The staking protocol has two basic operations:

  • Stake X tokens on Validator V - S(V, X).
  • Unstake X tokens from Validator V - U(V, X).

We want to ensure that at any point in time, when all in-flight messages would be resolved, both the Provider and the Consumer chain have the same view of the staking state. (TODO Consider the effects of slashing, not included in this document currently).

We also want to guarantee that the Provider chain always maintains sufficient staked tokens in the vault to cover all virtual staking actions currently outstanding on the Provider chain.

As mentioned before, we wish to use an unordered channel, and therefore must bring a degree of understanding of serializability to this protocol.

Delegation Syncing

The Consumer side wants to maintain the same counter per validator as the Provider side. It manages a delegation count per validator - D[V], with the following rules:

  • Uninitialized is equivalent to D[V] = 0.
  • S(V, X) => D[V] += X, return success ACK.
  • U(V, X) =>
    • if D[V] < X, return error ACK,
    • else D[V] -= X, return success ACK.

This is a pretty straightforward counter with a lower bound of 0, along with an increment and decrement counters.

The only requirements to ensure this stays in sync is that the Provider can successfully commit the same changes upon a success ACK, and is able to revert them (unstake) on an error ACK.

Provider Side Design

Beyond this delegation list, the Provider must maintain much more information. The delegation to a given validator must be mapped to a user on the Provider chain. This user must also have a sufficient lien on the vault to cover the delegation. And the vault must have sufficient funds to cover the lien.
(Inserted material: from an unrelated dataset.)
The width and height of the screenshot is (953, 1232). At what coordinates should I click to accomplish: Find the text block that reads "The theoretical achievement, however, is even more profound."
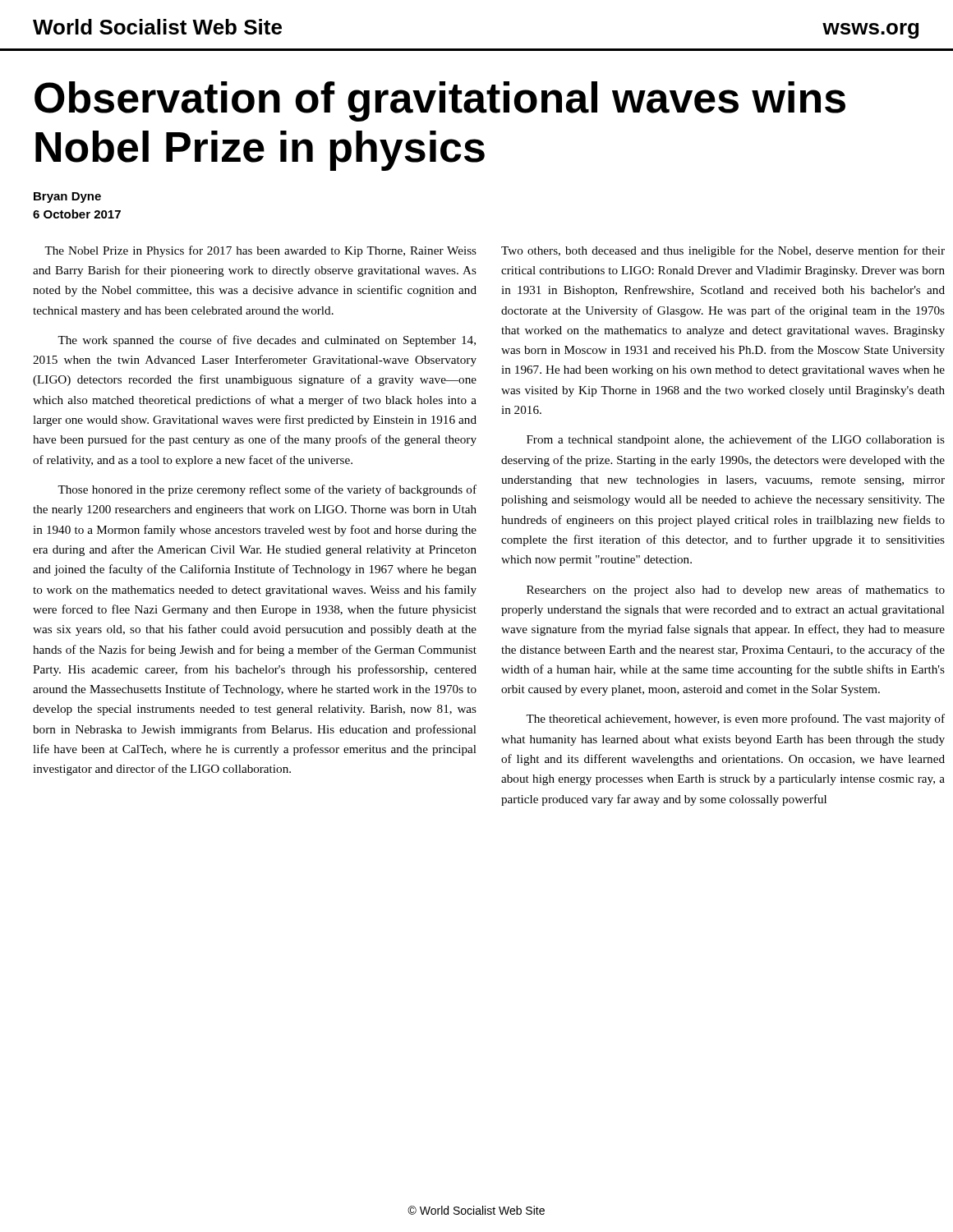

This means we must maintain invariants over at least two contracts - the external-staking contract and the vault. It includes possible conflicts with non-IBC transactions, like a user withdrawing collateral from the vault that would be needed to cover the lien for an in-flight delegation.

Let us start analysing the protocol, but viewing all the state transitions that must be made on proper success ACKs. These same state transitions must always be reverted without problem upon receiving error ACKs.

Identifying Potential Conflicts

A staking operation would have the following steps and checks:

  • Send a lien from vault to external-staking contract.
    • Ensure there is sufficient collateral to cover max(lien).
    • Ensure there is sufficient collateral in sum(potential slashes).
    • Increase the lien for that given user on the external-staking contract.
  • Add a delegation in external-staking contract.
    • Increase stake count for (user, validator).
    • Increase total stake on the validator.
    • Increase the user's shares in the reward distribution.
  • Send an IBC packet to inform the Consumer.
    • Guarantee we can commit all above on success.
    • Guarantee we can roll back all above on error.

An unstaking operation would have the following steps and checks:

  • Remove a delegation in external-staking contract.
    • Ensure stake count (user, validator) is set and greater than desired unstake amount.
      • Ensure total stake on the validator is set and greater than desired unstake amount (should always be true if above is true).
    • Decrease stake count for (user, validator).
    • Decrease total stake on the validator.
    • Decrease the user's shares in the reward distribution.
    • Add an entry to the (user, validator) "pending unbonding" to withdraw said tokens after the unbonding period.
  • Send an IBC packet to inform the Consumer.
    • Guarantee we can commit all above on success.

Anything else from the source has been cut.